Start of Material provided

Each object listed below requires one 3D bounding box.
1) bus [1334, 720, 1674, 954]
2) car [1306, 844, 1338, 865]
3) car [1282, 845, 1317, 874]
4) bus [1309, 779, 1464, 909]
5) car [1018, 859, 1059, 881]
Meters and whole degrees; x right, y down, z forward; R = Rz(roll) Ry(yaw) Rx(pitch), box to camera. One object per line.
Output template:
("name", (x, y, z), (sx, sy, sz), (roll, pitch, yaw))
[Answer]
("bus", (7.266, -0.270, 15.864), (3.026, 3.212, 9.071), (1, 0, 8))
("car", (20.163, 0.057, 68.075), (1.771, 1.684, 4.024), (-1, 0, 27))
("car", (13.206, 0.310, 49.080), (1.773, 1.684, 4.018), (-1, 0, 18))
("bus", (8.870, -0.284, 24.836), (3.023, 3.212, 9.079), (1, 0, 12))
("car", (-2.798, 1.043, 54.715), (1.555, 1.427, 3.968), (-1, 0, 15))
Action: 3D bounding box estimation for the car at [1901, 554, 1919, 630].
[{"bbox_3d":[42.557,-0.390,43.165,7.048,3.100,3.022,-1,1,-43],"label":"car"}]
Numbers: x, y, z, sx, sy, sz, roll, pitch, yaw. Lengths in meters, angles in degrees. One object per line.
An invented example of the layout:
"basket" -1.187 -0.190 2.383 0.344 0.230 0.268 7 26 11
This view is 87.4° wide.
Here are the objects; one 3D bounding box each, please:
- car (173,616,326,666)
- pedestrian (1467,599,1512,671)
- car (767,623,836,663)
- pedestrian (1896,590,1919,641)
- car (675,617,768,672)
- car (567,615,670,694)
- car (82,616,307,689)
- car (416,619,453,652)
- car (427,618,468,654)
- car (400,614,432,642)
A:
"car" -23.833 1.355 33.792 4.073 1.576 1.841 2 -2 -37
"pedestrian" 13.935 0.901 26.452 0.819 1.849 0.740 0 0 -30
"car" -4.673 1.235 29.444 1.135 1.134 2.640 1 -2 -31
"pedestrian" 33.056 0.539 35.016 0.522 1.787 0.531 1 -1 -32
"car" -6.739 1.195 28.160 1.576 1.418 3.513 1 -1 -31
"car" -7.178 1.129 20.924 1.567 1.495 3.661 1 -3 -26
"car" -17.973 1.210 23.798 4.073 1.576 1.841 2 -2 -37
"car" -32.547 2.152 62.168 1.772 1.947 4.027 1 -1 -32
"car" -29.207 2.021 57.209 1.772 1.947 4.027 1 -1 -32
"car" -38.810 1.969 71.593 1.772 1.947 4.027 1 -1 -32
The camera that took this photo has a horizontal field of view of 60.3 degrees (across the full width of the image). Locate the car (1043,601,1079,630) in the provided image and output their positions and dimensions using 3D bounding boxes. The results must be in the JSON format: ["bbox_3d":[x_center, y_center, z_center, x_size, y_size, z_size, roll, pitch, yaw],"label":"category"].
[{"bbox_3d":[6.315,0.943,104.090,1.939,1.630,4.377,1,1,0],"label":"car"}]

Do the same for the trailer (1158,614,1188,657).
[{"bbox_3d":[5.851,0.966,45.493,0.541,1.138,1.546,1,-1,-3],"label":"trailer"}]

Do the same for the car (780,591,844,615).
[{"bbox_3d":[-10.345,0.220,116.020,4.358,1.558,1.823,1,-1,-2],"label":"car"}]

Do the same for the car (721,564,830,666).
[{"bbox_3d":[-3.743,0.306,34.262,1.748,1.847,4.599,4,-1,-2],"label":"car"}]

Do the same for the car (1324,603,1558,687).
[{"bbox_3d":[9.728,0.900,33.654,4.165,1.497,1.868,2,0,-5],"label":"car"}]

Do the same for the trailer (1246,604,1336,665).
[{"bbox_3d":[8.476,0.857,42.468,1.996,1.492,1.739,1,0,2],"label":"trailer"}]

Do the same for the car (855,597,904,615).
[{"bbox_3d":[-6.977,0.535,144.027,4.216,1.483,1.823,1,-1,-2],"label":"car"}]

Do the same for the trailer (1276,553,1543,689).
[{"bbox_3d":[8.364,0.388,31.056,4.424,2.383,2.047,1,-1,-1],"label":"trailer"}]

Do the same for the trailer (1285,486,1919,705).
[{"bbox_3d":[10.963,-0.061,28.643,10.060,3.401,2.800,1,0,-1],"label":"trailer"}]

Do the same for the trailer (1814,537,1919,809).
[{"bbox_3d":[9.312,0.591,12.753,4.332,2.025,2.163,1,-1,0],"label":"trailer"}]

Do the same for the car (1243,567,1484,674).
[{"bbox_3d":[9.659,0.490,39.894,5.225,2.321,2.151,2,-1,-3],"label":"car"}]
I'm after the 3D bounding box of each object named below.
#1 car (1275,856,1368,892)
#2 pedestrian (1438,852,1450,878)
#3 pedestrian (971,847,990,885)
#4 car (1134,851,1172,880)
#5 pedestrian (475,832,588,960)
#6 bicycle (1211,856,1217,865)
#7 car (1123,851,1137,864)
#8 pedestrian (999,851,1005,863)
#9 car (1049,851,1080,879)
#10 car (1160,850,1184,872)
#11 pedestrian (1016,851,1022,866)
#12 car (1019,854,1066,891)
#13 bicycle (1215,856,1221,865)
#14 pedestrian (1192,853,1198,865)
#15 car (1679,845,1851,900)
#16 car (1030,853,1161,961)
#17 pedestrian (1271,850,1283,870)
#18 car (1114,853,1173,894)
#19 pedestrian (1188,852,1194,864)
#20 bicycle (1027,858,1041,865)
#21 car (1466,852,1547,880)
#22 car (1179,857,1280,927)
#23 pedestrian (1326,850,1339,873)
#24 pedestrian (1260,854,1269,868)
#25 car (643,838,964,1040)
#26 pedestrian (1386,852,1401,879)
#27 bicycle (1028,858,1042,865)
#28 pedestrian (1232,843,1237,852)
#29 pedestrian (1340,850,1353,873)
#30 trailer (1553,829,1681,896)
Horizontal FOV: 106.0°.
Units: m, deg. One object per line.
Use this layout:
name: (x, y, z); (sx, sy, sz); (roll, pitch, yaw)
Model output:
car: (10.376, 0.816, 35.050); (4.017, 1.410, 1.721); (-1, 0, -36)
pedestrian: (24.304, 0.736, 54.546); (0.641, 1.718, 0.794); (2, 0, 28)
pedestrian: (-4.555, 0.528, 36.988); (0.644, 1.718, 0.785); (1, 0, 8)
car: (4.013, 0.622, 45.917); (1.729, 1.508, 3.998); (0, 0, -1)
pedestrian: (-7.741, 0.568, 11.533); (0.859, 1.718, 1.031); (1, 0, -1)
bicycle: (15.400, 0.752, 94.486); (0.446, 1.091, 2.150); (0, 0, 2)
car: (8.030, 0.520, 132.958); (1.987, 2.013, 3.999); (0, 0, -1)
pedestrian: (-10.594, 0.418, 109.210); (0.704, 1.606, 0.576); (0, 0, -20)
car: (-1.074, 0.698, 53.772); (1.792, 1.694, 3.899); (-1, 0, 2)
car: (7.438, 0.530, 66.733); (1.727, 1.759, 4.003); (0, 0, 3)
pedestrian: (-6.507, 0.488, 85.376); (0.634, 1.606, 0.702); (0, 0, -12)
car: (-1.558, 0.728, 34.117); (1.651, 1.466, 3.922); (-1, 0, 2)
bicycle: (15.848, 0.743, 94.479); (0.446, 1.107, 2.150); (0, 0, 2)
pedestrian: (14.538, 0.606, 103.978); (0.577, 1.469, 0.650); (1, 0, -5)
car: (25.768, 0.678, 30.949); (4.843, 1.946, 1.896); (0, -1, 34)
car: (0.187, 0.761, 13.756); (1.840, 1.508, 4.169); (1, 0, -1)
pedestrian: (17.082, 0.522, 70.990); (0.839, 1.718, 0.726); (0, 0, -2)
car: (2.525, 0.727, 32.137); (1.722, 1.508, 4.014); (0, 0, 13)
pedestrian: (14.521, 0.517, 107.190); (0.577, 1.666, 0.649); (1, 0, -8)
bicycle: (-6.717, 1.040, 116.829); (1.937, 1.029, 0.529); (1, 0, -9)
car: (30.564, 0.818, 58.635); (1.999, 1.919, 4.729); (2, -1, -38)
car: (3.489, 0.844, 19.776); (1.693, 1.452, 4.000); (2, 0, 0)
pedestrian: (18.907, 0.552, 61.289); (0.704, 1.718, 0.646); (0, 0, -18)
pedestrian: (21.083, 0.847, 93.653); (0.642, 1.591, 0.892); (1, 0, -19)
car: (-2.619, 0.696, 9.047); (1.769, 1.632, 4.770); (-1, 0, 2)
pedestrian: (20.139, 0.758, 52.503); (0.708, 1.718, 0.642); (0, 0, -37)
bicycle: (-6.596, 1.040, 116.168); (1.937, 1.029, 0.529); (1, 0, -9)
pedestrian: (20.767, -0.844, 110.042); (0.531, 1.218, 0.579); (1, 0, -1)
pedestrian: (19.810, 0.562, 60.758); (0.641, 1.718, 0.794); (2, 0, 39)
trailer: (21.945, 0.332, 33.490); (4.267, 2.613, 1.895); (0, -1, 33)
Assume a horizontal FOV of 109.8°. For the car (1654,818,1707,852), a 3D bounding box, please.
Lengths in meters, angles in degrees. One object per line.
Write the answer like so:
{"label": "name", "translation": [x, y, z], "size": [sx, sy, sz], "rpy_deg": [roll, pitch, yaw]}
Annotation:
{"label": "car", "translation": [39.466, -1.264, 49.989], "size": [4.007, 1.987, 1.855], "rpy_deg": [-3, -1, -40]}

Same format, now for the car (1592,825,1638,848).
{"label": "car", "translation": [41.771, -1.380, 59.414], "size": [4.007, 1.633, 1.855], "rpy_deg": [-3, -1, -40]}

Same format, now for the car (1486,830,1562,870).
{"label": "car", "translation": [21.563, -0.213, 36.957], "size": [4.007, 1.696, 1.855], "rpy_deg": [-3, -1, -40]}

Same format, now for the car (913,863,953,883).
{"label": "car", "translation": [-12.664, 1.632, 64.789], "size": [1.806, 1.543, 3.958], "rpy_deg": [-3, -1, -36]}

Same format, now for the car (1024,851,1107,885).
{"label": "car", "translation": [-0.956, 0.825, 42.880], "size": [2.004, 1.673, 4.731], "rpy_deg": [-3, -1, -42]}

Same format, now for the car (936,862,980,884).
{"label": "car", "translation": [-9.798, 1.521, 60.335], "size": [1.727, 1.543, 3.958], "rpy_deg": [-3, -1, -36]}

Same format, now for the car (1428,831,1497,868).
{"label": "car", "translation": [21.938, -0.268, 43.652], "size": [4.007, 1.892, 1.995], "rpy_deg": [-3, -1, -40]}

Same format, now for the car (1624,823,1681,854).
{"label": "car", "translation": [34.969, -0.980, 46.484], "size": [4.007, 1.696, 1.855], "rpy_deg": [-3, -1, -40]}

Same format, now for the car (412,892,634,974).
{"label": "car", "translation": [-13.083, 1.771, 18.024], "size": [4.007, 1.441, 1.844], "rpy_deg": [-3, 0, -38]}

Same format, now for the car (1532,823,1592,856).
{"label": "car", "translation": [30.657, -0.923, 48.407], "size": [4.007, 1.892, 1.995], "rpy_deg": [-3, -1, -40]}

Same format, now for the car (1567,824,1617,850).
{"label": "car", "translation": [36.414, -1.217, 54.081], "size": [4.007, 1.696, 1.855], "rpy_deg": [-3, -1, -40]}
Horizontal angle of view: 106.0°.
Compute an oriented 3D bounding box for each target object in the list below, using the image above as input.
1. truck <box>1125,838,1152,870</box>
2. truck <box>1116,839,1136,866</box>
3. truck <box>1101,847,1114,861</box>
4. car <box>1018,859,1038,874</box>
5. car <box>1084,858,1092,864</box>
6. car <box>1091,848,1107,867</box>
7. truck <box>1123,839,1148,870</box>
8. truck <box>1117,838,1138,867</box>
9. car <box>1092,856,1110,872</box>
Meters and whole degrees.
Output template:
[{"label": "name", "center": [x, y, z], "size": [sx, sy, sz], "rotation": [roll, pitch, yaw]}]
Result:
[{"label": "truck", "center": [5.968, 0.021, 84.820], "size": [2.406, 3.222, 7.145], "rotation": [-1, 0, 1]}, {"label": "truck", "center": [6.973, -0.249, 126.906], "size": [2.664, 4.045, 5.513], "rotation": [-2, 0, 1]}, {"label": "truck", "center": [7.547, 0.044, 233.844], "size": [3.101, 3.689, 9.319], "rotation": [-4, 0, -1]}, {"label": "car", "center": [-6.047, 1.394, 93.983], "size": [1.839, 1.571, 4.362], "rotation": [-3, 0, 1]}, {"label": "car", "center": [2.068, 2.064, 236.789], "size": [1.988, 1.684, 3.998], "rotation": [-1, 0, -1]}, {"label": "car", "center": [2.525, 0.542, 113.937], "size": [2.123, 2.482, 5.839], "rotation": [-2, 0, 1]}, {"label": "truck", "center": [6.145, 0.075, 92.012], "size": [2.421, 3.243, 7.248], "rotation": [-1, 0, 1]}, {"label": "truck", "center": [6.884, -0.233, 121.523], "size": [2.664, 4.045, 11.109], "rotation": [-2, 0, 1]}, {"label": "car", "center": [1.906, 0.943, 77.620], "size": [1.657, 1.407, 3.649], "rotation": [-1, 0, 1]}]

End of Material provided

**Task prompt**
The response must consist solely of the lines from the top of the records through the line holding "(roll, pitch, yaw))", copied word for word.

**Expected output**
Each object listed below requires one 3D bounding box.
1) bus [1334, 720, 1674, 954]
2) car [1306, 844, 1338, 865]
3) car [1282, 845, 1317, 874]
4) bus [1309, 779, 1464, 909]
5) car [1018, 859, 1059, 881]
Meters and whole degrees; x right, y down, z forward; R = Rz(roll) Ry(yaw) Rx(pitch), box to camera. One object per line.
Output template:
("name", (x, y, z), (sx, sy, sz), (roll, pitch, yaw))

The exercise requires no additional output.